### [TASK TO CARRY OUT]
Go through the entries below and tally the lines holding "listed"; please reply with the number only.

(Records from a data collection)
————————

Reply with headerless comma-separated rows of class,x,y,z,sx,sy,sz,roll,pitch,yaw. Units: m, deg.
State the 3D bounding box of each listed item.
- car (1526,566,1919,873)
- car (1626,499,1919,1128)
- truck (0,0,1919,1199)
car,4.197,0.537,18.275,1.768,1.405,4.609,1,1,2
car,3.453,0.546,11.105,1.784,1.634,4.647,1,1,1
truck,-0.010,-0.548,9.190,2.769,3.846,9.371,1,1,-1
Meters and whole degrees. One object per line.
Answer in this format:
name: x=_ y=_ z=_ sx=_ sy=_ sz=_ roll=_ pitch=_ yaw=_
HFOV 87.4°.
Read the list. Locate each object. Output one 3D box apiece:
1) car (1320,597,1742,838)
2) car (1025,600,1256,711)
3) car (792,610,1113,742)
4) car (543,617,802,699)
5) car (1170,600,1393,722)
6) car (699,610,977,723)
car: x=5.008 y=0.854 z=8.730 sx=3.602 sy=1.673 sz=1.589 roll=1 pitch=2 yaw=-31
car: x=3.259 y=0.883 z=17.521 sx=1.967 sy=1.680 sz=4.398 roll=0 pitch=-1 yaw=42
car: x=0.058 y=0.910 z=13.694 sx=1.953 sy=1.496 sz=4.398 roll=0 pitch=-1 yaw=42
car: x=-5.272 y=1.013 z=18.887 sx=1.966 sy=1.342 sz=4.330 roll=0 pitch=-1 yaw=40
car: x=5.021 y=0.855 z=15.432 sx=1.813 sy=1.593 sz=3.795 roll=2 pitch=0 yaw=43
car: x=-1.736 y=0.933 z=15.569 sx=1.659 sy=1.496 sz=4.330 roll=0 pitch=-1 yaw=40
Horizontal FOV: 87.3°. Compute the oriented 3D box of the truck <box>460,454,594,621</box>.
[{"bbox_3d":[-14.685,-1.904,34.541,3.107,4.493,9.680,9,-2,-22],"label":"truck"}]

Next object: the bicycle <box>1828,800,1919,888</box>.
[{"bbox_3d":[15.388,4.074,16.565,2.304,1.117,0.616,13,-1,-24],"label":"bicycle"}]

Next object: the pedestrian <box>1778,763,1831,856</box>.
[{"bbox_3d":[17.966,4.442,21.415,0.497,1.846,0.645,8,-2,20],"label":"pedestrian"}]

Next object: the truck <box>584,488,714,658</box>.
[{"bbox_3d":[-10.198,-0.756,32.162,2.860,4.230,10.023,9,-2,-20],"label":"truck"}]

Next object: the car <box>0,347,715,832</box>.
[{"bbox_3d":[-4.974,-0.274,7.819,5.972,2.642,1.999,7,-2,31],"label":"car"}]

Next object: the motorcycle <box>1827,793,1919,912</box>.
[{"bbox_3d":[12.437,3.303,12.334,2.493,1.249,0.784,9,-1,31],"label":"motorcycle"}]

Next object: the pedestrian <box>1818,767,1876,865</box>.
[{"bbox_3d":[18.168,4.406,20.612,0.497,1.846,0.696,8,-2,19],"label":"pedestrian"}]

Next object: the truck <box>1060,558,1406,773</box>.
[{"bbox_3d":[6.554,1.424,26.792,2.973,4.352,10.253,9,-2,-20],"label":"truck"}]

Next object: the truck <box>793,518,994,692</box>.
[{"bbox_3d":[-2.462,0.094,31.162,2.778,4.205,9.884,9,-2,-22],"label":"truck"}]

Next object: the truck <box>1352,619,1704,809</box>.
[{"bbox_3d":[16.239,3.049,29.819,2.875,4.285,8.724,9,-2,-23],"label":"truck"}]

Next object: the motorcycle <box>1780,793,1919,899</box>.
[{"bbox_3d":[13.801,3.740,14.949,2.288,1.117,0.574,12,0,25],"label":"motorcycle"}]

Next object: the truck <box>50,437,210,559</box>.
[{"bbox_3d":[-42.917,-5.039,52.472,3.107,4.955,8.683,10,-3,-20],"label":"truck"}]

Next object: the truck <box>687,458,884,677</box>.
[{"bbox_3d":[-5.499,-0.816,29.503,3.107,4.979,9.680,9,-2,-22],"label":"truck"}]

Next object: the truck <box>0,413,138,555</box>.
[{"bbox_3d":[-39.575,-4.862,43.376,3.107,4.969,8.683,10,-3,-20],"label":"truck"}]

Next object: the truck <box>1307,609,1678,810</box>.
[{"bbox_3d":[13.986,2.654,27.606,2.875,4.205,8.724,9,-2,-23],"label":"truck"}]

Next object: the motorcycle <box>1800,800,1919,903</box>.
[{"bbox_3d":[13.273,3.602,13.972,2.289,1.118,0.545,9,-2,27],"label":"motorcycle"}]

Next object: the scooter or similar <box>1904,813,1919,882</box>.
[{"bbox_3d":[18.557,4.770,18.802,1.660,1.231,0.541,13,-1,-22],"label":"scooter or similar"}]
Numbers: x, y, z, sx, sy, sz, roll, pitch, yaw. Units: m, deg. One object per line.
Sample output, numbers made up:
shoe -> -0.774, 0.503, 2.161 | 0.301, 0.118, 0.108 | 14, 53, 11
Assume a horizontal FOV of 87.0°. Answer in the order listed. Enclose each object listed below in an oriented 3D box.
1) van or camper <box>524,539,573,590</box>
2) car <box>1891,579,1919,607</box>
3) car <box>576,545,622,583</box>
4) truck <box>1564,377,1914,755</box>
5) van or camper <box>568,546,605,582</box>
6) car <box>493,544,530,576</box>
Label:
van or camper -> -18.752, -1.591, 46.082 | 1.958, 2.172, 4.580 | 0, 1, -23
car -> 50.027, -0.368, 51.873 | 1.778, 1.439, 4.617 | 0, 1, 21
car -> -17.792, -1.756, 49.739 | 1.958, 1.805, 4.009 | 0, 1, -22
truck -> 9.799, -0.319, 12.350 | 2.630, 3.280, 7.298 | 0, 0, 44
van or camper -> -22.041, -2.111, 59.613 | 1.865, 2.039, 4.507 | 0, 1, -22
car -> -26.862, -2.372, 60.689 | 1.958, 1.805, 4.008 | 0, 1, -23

————————

### [EXERCISE ANSWER]
2